Back in 1986, many bankers assumed
that rate controls would lead to extensive "repricing"—as banks compensated for lower interest rates by raising annual
fees, eliminating initial interest-free periods on purchase balances, and making other adjustments. The evidence suggested, however, that repricing opportunities were limited, and that the dominant effect
of controls would be a contraction in the availability of credit, and its restriction to local markets and more affluent groups.
It is true that interest rates
on credit cards are higher than commercial rates. This should not be a surprise,
because credit card credit is more costly to provide: Administrative costs constitute a larger share of the costs of
supplying credit cards than the costs of the funds issuers are lending. But the
extent of the rate difference has been exaggerated in almost all accounts of the credit card debate. When one takes account of the initial one-month “free period” on most credit cards and the
average time period in which credit balances are paid off, the effective interest rates cardholders are paying are generally
several points lower than then official rates.
There is another way in which
the congressionally cited interest rates are an illusion: The congressmen advocating controls quote either the highest
rates or volume-weighted averages of the rates charged by numerous banks and other suppliers. In
fact, rates have become more dispersed over time as the variety of card programs has increased. Some of the largest card issuers, such as Chase and Citicorp, have successfully specialized in marketing
cards to younger, less well-off and riskier consumers who were not in the market five or ten years ago; as a result their
current rates are higher than average.
The consumer would not be the
only victim of interest rate controls. Banks and other credit card issuers would
be seriously damaged too: They would lost business, and their facilities devoted to mass consumer credit would lose
value in the same manner as rent-controlled apartment buildings.
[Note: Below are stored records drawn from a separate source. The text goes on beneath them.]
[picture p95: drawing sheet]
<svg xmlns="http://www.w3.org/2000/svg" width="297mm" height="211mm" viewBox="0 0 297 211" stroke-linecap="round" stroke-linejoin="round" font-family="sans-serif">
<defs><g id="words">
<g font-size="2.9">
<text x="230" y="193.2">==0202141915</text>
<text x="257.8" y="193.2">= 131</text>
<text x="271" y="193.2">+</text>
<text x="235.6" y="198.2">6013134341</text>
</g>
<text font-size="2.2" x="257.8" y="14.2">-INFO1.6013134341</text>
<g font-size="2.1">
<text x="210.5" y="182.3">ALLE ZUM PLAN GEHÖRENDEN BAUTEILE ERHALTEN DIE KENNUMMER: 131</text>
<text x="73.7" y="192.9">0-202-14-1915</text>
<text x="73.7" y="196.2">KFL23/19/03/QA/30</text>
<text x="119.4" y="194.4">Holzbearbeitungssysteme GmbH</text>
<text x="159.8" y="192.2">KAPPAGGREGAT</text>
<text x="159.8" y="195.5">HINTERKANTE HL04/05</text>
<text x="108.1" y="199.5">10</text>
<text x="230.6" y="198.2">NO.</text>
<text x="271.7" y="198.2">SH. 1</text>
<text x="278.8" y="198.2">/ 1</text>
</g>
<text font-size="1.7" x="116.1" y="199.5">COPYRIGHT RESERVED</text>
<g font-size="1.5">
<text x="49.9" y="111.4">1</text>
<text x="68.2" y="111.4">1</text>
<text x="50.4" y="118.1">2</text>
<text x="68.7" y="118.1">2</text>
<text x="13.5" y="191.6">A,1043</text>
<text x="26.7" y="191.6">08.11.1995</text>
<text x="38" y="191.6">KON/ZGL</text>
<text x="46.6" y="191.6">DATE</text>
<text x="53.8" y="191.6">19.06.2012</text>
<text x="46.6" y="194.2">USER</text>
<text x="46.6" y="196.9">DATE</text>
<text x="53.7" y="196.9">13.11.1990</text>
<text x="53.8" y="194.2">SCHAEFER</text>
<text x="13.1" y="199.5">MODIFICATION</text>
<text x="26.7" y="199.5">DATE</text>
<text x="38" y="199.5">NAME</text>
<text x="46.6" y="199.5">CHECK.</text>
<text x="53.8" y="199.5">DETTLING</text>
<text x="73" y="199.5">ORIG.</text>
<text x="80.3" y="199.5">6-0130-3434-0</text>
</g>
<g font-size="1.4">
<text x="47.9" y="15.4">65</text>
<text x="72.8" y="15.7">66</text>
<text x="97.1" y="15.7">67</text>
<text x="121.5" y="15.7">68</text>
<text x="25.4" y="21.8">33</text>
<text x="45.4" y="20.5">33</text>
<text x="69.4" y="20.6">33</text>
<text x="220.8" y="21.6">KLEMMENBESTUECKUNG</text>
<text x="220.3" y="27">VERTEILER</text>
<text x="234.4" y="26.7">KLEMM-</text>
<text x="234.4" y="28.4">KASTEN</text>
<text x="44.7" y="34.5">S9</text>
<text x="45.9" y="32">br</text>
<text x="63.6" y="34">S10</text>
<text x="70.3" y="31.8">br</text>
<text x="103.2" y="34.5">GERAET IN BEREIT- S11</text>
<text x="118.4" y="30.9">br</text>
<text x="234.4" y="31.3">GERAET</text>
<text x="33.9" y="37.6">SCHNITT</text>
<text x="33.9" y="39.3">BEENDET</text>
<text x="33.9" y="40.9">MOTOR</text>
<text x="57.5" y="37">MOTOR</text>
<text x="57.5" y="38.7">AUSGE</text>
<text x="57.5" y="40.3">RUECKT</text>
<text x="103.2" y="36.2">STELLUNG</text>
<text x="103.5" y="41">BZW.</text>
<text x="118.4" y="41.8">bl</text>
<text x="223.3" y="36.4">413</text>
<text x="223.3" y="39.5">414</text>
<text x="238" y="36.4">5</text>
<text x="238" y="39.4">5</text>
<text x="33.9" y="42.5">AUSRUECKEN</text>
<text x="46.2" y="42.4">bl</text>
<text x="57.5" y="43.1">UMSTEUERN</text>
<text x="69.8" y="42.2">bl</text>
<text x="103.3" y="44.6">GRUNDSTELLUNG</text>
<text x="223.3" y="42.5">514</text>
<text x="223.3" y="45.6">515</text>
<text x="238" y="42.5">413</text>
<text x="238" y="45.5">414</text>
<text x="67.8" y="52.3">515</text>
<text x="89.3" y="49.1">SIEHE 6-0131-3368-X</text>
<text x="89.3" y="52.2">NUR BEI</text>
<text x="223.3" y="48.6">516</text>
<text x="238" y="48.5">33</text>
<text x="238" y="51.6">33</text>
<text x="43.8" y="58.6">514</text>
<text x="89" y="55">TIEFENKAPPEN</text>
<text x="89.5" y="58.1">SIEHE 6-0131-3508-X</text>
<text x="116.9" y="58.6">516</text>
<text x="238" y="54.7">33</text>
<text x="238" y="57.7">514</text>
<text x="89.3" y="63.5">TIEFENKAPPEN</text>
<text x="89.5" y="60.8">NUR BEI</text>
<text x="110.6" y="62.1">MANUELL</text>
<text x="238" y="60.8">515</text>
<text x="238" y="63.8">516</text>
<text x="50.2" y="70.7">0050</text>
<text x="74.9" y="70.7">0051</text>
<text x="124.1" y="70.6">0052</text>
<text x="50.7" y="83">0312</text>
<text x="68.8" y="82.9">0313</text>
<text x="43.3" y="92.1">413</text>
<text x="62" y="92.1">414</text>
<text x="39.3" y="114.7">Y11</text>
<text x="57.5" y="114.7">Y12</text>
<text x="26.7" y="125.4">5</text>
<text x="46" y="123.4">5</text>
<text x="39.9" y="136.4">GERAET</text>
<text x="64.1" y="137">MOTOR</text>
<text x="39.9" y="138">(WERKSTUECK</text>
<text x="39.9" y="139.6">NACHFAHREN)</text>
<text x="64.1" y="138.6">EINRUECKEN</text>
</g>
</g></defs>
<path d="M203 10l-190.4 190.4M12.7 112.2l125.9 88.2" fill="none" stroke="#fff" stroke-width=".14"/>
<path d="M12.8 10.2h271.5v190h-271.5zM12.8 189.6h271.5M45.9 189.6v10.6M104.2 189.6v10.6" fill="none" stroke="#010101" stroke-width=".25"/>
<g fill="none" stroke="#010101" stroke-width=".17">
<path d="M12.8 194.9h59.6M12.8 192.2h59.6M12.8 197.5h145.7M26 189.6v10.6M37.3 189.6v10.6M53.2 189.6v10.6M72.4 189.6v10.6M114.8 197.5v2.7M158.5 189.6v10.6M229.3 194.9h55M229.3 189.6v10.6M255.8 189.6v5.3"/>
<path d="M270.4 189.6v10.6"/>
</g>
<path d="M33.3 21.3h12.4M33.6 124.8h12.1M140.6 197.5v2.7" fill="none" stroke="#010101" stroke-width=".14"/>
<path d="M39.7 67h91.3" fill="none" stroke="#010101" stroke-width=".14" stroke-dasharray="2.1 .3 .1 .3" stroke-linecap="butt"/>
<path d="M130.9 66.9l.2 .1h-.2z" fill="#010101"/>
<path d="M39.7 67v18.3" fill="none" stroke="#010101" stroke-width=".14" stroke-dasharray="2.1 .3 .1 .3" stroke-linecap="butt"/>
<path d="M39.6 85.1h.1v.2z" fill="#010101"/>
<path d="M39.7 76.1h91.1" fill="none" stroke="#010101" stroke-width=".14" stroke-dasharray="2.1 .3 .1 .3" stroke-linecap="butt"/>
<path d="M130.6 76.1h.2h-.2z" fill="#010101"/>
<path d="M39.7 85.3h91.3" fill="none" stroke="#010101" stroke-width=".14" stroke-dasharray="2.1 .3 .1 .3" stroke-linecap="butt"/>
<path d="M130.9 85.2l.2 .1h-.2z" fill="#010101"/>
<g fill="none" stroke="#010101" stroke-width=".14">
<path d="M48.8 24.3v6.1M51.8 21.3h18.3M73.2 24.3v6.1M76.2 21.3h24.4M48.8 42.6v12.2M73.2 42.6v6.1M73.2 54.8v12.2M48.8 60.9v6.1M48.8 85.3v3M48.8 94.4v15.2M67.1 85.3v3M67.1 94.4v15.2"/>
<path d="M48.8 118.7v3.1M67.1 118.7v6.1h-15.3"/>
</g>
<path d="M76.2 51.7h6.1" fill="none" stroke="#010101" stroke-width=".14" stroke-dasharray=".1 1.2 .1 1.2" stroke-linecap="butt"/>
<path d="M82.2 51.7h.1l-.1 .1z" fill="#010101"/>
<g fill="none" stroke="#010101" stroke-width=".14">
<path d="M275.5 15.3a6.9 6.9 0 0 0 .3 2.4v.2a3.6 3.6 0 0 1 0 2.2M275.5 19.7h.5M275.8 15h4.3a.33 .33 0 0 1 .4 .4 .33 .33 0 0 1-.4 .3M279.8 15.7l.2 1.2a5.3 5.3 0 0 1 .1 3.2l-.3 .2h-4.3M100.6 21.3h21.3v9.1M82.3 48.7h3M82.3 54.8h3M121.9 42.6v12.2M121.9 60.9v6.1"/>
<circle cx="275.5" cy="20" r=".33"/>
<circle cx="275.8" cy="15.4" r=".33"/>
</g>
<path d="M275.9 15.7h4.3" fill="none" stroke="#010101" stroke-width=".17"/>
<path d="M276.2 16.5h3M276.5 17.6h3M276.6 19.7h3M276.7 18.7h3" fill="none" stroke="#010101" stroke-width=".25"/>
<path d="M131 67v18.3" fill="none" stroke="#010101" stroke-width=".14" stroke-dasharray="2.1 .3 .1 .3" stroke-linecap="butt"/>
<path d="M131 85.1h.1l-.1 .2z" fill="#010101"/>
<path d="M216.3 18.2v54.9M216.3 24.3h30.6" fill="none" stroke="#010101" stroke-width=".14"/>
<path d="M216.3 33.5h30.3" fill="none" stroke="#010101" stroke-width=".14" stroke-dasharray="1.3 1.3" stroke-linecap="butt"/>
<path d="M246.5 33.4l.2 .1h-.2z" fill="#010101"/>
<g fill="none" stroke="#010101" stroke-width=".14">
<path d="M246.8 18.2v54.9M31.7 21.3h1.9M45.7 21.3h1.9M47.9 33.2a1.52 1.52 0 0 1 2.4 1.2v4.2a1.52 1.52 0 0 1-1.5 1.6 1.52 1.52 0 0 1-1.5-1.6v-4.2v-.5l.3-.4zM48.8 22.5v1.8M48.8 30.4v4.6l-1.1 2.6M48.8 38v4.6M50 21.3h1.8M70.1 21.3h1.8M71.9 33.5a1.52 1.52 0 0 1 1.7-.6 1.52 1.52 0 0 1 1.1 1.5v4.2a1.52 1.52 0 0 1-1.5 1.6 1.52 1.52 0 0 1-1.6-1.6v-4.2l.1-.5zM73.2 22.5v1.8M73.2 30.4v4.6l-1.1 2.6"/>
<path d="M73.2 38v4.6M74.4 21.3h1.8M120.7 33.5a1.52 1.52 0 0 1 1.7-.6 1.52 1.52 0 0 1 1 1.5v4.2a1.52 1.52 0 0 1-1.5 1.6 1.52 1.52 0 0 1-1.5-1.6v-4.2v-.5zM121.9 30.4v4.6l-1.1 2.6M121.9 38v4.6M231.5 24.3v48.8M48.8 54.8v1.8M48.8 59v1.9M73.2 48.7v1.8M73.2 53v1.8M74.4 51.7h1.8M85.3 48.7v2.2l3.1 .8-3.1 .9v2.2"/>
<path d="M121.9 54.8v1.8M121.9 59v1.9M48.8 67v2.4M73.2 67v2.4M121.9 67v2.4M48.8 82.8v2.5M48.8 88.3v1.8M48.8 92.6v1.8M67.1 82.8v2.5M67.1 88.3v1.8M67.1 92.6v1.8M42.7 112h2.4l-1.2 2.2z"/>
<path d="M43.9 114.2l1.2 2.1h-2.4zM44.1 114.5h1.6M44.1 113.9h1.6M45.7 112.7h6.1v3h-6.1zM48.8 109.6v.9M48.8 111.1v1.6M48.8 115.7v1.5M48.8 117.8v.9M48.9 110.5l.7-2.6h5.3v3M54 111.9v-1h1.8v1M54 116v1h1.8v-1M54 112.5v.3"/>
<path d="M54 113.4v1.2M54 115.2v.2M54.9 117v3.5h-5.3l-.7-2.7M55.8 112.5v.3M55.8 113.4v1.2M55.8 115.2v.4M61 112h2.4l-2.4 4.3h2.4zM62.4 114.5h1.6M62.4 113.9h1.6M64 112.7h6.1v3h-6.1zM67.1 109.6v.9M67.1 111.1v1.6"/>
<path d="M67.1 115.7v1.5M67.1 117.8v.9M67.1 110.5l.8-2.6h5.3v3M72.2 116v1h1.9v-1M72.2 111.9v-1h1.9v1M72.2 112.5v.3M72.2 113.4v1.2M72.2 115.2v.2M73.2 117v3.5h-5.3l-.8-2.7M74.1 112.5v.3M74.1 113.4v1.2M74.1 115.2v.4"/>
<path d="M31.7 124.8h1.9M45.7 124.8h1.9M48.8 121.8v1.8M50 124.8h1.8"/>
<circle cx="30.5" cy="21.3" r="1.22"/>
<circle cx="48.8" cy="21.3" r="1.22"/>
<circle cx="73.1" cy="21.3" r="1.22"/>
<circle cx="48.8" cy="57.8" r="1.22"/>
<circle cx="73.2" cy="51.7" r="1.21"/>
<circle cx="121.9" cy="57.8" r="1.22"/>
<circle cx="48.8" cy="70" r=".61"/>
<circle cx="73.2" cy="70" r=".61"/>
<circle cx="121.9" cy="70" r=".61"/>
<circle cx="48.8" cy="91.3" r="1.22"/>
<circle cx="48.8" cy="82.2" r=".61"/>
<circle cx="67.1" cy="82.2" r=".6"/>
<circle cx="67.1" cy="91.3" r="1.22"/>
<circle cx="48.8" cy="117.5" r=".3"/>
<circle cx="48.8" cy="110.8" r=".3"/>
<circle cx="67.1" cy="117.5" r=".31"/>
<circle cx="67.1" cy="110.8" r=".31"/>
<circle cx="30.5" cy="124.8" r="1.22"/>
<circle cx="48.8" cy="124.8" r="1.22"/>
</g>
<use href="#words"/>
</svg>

But Congress
has made it plain that it is indifferent to the decline of the American banking industry. As
a result, banking executives are quite properly emphasizing the consumer’s side of the issue, warning that controls
would lead to a prompt and substantial restriction in the availability of credit cards and the size of credit lines, and a
consequent drop in retail spending.
Not
Evenly Distributing
Congress should also reflect that
the restriction of credit would not be evenly distributed. The contraction in
consumer credit would not be some kind of aggregate tightening affecting everyone a little bit. Rather it would be highly focused on young and working-class families.
In the late 1970s and early 1980s
Democrats and Republicans joined forces to enact a series of sweeping measures deregulating large sectors of the U.S. economy. It
was a marvelous era, not only because of the economic benefits it provided by because it drew upon and strengthened the noblest
traditions of each party—the Republicans’ concern for individual liberty and economic growth, and the Democrats’
concern for improving the welfare of average citizens. No doubt it was too good
to last. Still, it is disheartening to see the situation not only ended but reversed,
with the parties offering tawdry appeals such as consumer price controls, thus compromising their commitments to liberty on
the one hand and equality on the other.